The Military Skills Translator is a good portal for exploring career avenues based on your unique background and experience. This tool allows you to enter information regarding your branch of service and your military rank in order to determine the civilian jobs for which you might best be suited.

Getting Career and Employment Support

Fortunately, the Military, Department of Veterans Affairs, the Department of Defense and a host of other public and non-profit groups have programs aimed at helping veterans target, find, prepare for, and maintain employment. Get help creating your resume, preparing for interviews, managing service-related challenges and more by exploring the agencies and outlets below.

Make use of as many of these services and resources as you need to on your path to a sustainable career.

Veterans.com is a valuable stop on your way to post-military employment, a portal that points directly to a range of employment opportunities with industries and organizations that show preference to veteran hires, as well as a host of other employment support resources.

My Next Move is a resource aimed at helping you search for job opportunities based on keywords, industries, or your own military experiences.

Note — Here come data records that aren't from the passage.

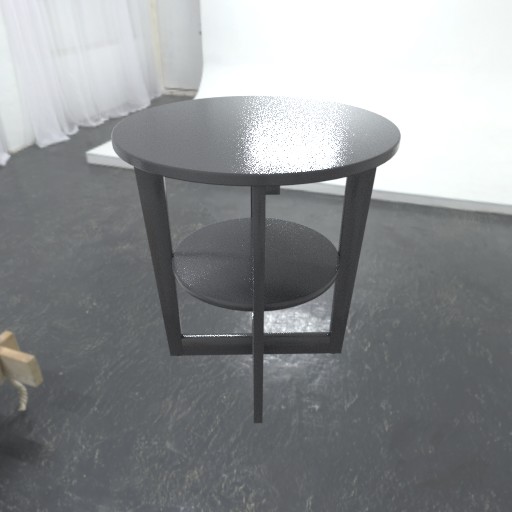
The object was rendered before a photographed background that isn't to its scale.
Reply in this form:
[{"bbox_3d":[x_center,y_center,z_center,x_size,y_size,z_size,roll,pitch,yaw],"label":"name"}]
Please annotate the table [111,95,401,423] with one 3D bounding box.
[{"bbox_3d":[0.000,0.000,0.934,0.500,0.550,0.500,0,31,0],"label":"table"}]
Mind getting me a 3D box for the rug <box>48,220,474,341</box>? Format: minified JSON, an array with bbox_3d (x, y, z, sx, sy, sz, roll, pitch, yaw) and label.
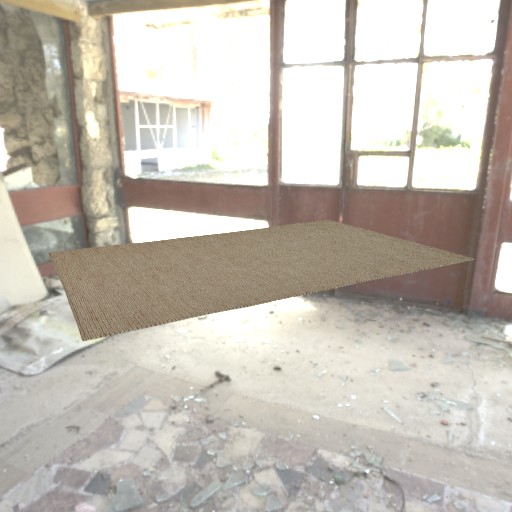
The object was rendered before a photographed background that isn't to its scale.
[{"bbox_3d":[0.000,0.000,2.991,2.439,0.011,1.533,-9,18,-28],"label":"rug"}]
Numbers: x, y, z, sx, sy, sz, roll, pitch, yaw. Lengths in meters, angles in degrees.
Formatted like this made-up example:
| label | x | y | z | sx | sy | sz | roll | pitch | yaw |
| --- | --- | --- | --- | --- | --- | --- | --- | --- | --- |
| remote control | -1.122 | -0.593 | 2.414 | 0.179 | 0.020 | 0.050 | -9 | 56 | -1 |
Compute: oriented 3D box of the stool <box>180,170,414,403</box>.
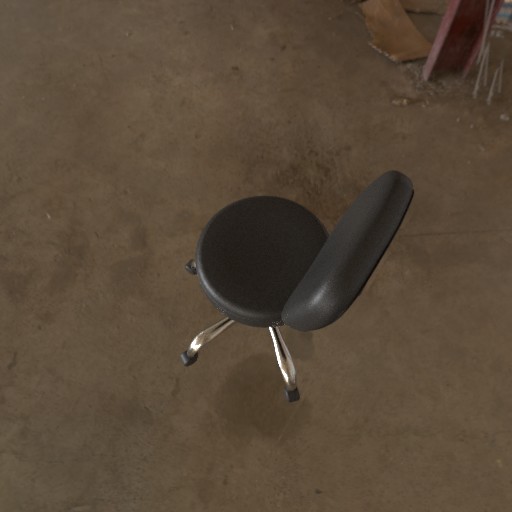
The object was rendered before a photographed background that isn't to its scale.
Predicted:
| label | x | y | z | sx | sy | sz | roll | pitch | yaw |
| --- | --- | --- | --- | --- | --- | --- | --- | --- | --- |
| stool | 0.000 | 0.000 | 1.333 | 0.648 | 0.862 | 0.673 | 29 | 67 | 14 |
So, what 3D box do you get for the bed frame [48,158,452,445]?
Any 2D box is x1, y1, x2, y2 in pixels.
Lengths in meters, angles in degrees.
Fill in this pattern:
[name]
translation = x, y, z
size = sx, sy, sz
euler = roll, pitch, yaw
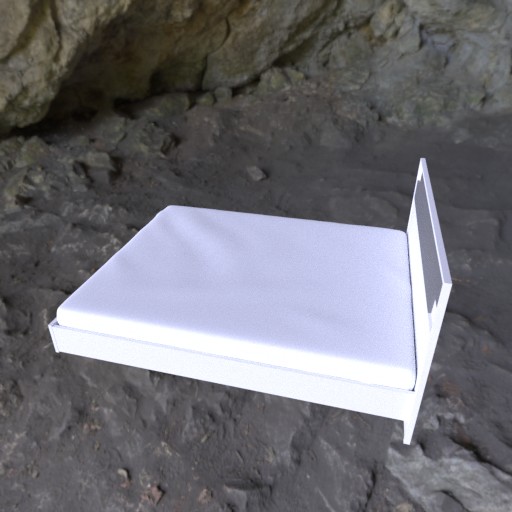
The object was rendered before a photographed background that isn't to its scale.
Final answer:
[bed frame]
translation = 0.000, 0.000, 2.999
size = 2.100, 1.001, 1.711
euler = 8, 31, 13
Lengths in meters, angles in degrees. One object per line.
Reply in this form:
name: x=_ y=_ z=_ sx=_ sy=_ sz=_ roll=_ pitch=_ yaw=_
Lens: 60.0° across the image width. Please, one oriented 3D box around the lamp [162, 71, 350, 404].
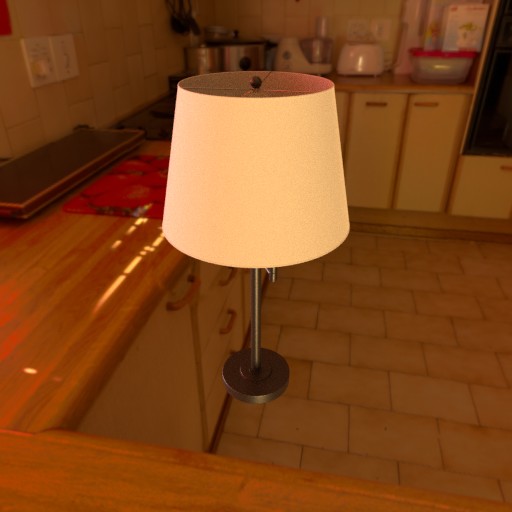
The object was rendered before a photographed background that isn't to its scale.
lamp: x=0.000 y=0.000 z=0.916 sx=0.363 sy=0.696 sz=0.363 roll=0 pitch=30 yaw=0
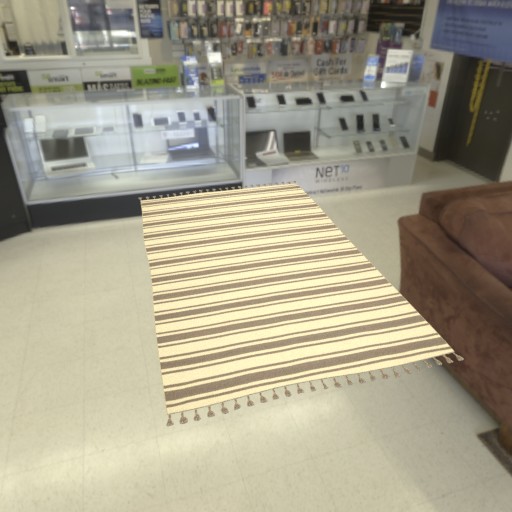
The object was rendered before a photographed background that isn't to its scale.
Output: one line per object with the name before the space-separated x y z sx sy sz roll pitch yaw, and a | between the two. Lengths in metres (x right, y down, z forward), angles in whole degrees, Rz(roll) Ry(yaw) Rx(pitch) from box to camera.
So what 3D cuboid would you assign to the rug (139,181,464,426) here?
rug | 0.000 0.000 2.560 1.229 0.011 2.096 -8 32 -13
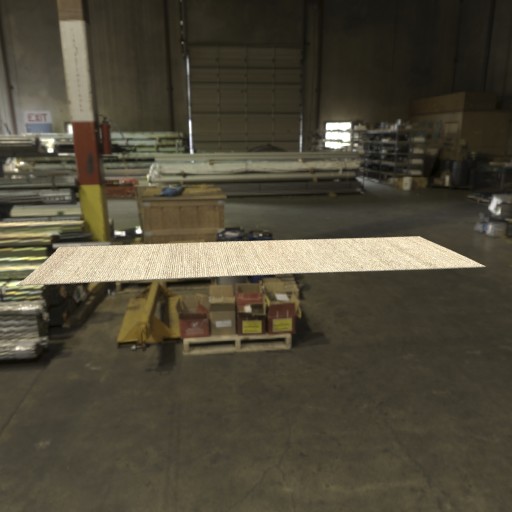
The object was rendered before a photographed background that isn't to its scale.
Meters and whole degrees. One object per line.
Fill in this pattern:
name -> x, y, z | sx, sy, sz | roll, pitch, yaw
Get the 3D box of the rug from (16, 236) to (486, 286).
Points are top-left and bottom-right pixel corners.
rug -> 0.000, 0.000, 2.571 | 2.390, 0.014, 0.741 | -2, 15, -7
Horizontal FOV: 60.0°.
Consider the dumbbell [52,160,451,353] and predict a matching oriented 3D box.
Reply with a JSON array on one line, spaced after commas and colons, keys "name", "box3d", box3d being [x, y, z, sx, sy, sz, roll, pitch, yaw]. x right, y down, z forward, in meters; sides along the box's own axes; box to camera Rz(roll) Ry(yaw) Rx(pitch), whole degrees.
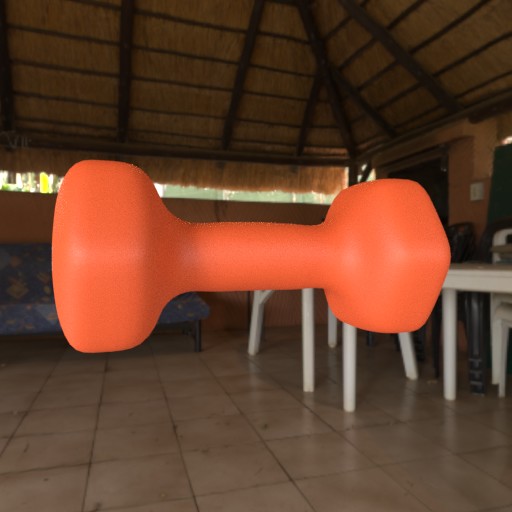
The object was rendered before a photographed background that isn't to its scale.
[{"name": "dumbbell", "box3d": [0.000, 0.000, 0.196, 0.162, 0.071, 0.079, 0, 0, -18]}]
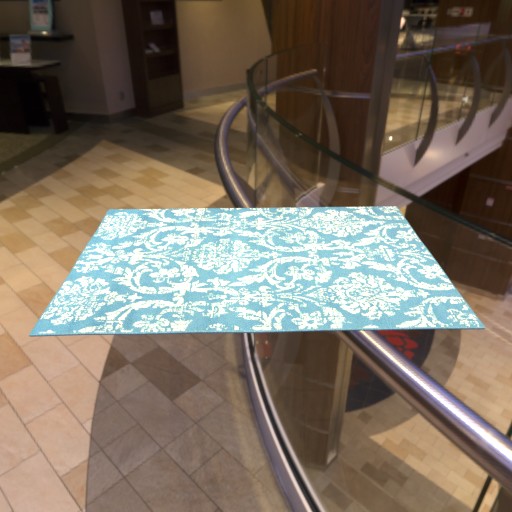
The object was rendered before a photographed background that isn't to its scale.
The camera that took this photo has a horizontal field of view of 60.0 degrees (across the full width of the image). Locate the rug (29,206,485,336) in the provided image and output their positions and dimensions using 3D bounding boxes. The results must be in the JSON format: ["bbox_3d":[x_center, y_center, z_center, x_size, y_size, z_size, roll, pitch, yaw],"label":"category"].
[{"bbox_3d":[0.000,0.000,2.299,1.833,0.012,1.211,-1,30,-1],"label":"rug"}]
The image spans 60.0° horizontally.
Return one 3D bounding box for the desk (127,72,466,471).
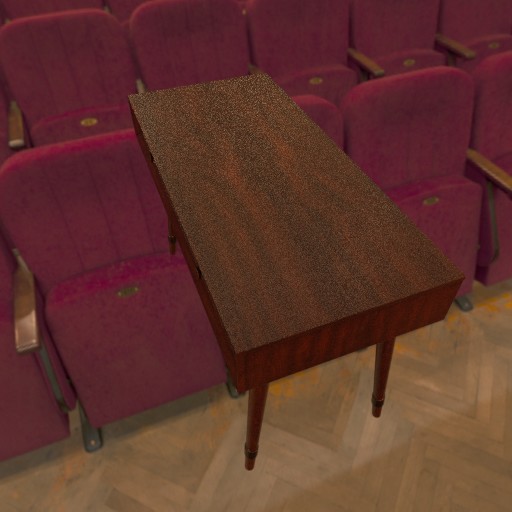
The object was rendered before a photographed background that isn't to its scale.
[{"bbox_3d":[0.000,0.000,2.115,0.734,1.031,1.577,-16,47,-15],"label":"desk"}]
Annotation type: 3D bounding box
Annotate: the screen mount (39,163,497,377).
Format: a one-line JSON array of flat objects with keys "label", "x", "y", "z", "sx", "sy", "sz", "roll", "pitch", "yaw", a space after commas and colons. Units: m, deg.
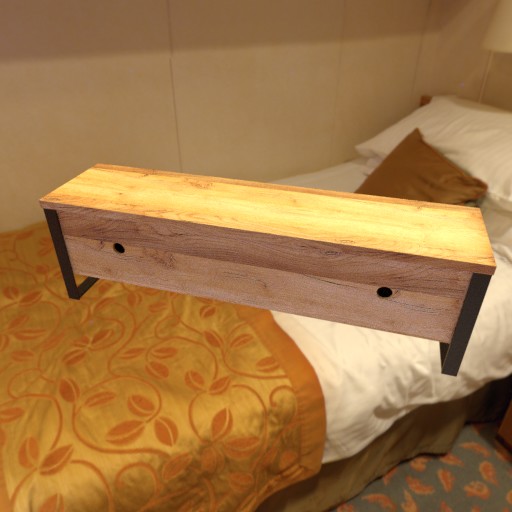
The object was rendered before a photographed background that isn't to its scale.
[{"label": "screen mount", "x": 0.000, "y": 0.000, "z": 1.704, "sx": 1.524, "sy": 0.450, "sz": 0.395, "roll": 9, "pitch": 34, "yaw": 14}]
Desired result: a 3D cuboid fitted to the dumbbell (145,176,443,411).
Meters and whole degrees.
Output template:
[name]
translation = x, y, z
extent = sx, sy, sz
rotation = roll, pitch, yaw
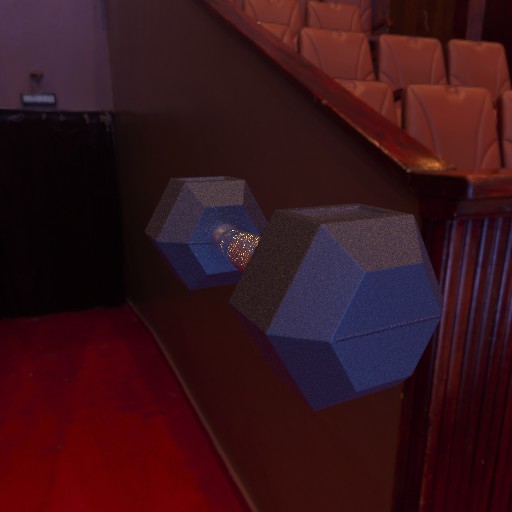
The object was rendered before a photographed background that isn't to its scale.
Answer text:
[dumbbell]
translation = 0.000, 0.000, 0.315
extent = 0.106, 0.092, 0.272
rotation = -7, 17, -25
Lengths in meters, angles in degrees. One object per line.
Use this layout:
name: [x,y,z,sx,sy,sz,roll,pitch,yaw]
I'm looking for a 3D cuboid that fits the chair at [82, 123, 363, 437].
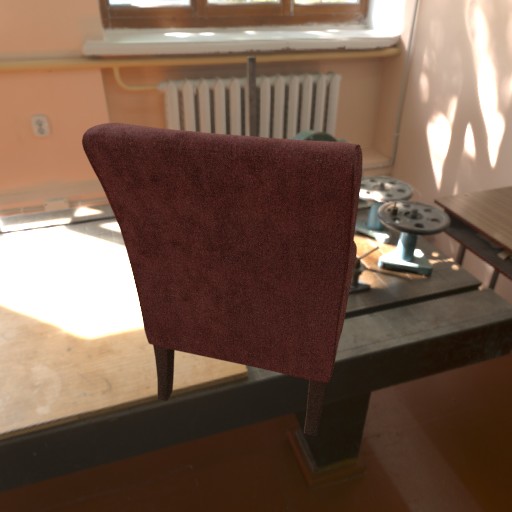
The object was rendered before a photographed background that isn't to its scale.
chair: [0.000,0.000,1.258,0.538,0.846,0.640,9,32,14]
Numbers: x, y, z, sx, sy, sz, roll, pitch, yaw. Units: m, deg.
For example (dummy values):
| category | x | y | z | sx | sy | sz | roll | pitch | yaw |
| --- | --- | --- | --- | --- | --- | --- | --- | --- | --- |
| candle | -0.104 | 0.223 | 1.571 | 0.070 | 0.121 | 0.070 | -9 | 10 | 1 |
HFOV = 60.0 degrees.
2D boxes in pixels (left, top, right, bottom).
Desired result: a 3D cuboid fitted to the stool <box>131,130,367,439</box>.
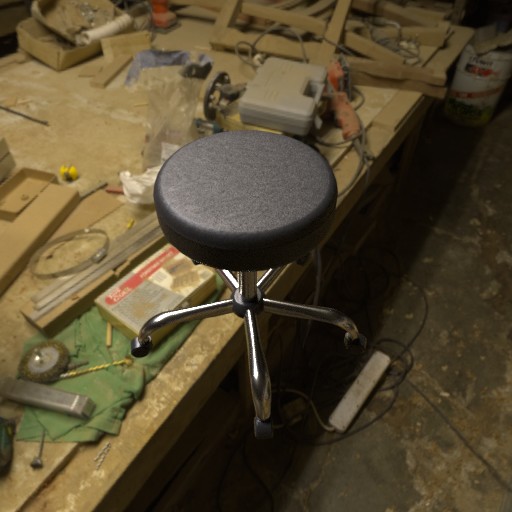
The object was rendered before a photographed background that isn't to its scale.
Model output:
| category | x | y | z | sx | sy | sz | roll | pitch | yaw |
| --- | --- | --- | --- | --- | --- | --- | --- | --- | --- |
| stool | 0.000 | 0.000 | 1.188 | 0.673 | 0.576 | 0.638 | 26 | 52 | 23 |
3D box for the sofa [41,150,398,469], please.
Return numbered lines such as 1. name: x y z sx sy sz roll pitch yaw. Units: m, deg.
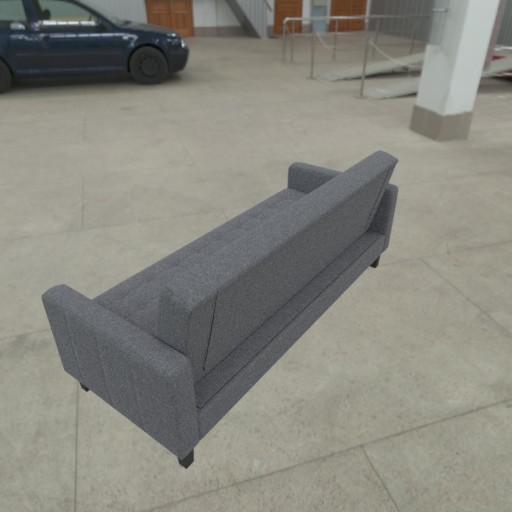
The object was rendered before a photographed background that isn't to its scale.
1. sofa: 0.000 0.000 2.443 0.810 0.850 2.040 21 38 31
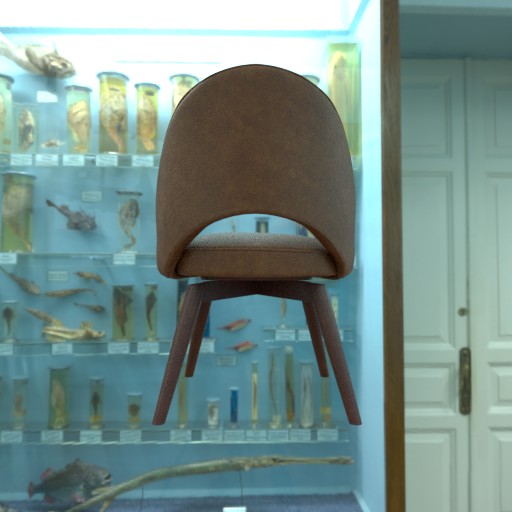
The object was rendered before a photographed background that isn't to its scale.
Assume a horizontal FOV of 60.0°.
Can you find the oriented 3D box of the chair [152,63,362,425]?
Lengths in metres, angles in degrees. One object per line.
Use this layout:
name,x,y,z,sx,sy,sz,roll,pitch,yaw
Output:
chair,0.000,0.000,1.223,0.591,0.777,0.640,0,-2,0
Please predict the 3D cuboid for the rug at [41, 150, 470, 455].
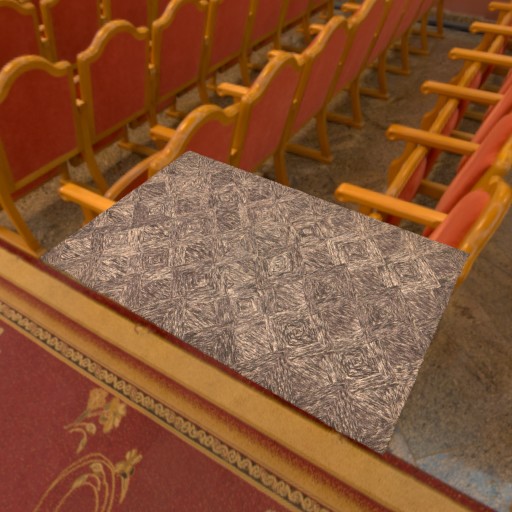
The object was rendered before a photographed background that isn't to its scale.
[{"bbox_3d":[0.000,0.000,2.227,1.808,0.011,1.189,24,50,22],"label":"rug"}]
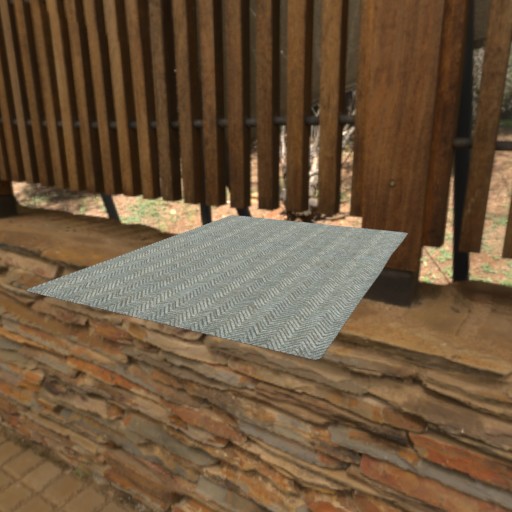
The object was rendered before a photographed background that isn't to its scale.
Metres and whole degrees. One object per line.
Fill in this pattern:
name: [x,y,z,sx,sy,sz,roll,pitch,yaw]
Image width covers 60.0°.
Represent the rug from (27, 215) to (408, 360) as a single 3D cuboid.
rug: [0.000,0.000,5.250,2.894,0.011,3.957,8,19,25]
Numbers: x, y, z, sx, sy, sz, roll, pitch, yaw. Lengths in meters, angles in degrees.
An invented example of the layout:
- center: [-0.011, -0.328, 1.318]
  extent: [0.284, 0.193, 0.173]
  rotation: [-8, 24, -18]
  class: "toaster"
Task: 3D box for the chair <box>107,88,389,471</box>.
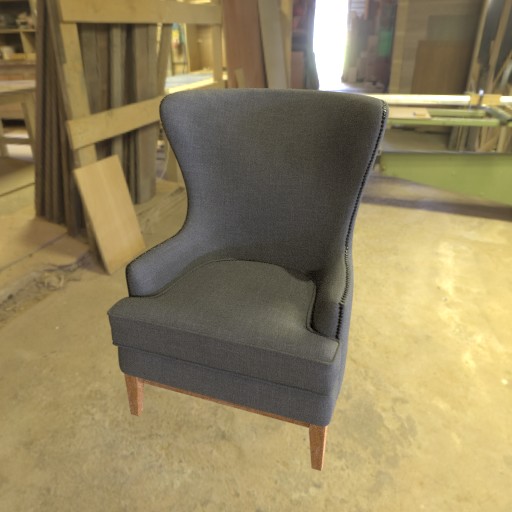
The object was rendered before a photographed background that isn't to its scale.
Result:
- center: [0.000, 0.000, 1.759]
  extent: [0.864, 1.176, 0.883]
  rotation: [9, 27, 18]
  class: "chair"
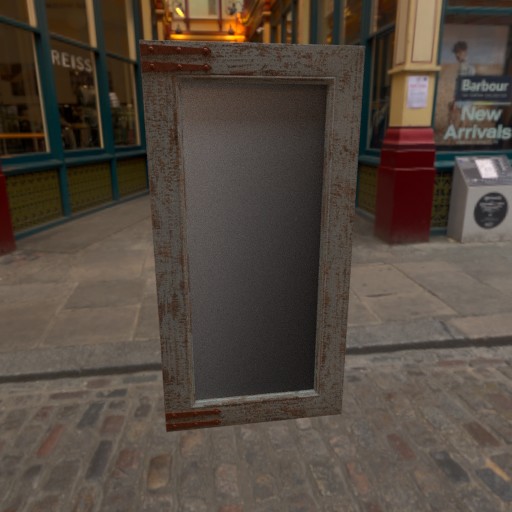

NovoResume provides practical resume advice for military veterans, and offers tips on what to include, what to avoid, and how to format the ideal resume.

The National Resource Directory (NRD) connects wounded warriors, service members, veterans, their families, and caregivers to support programs and services.

The Vocational Rehabilitation and Employment (VR&E) program provides employment support for veterans and is particularly beneficial to those who are ill, injured, or otherwise have service-related challenges that impact employment options.

Managing Service-Related Challenges

Part of advancing a successful post-military career is ensuring not just that you land a job, but that you have all the support you’ll need to maintain a job and advance a career. For many veterans, this is a challenging prospect. From physical, mental health, and substance abuse challenges to the general difficulty of re-acclimating to civilian life, veterans are a uniquely vulnerable population.

Maintaining a positive employment situation may require you to manage a number of overlapping challenges related to your service.

If you’re struggling with Post Traumatic Stress Disorder (PTSD), depression, anxiety, or substance abuse, take steps to manage these conditions so that you can remain a healthy and functional part of your community and place of employment.

Begin by seeking support through the Department of Veterans Affairs. The VA, and a host of related agencies, offer a spectrum of resources that are designed to help military veterans cope with mental health challenges and transition into various dimensions of civilian life.

Among them:

If you’re struggling to acclimate to the general experience of returning to civilian life, take a look at our tips and resources for Transitioning from the Military to Civilian Life.

As a veteran, you command a set of skills that make you valuable to prospective employers. Be sure that you take all the appropriate steps to hone, display, and improve these skills as you work towards a great career in the civilian sector.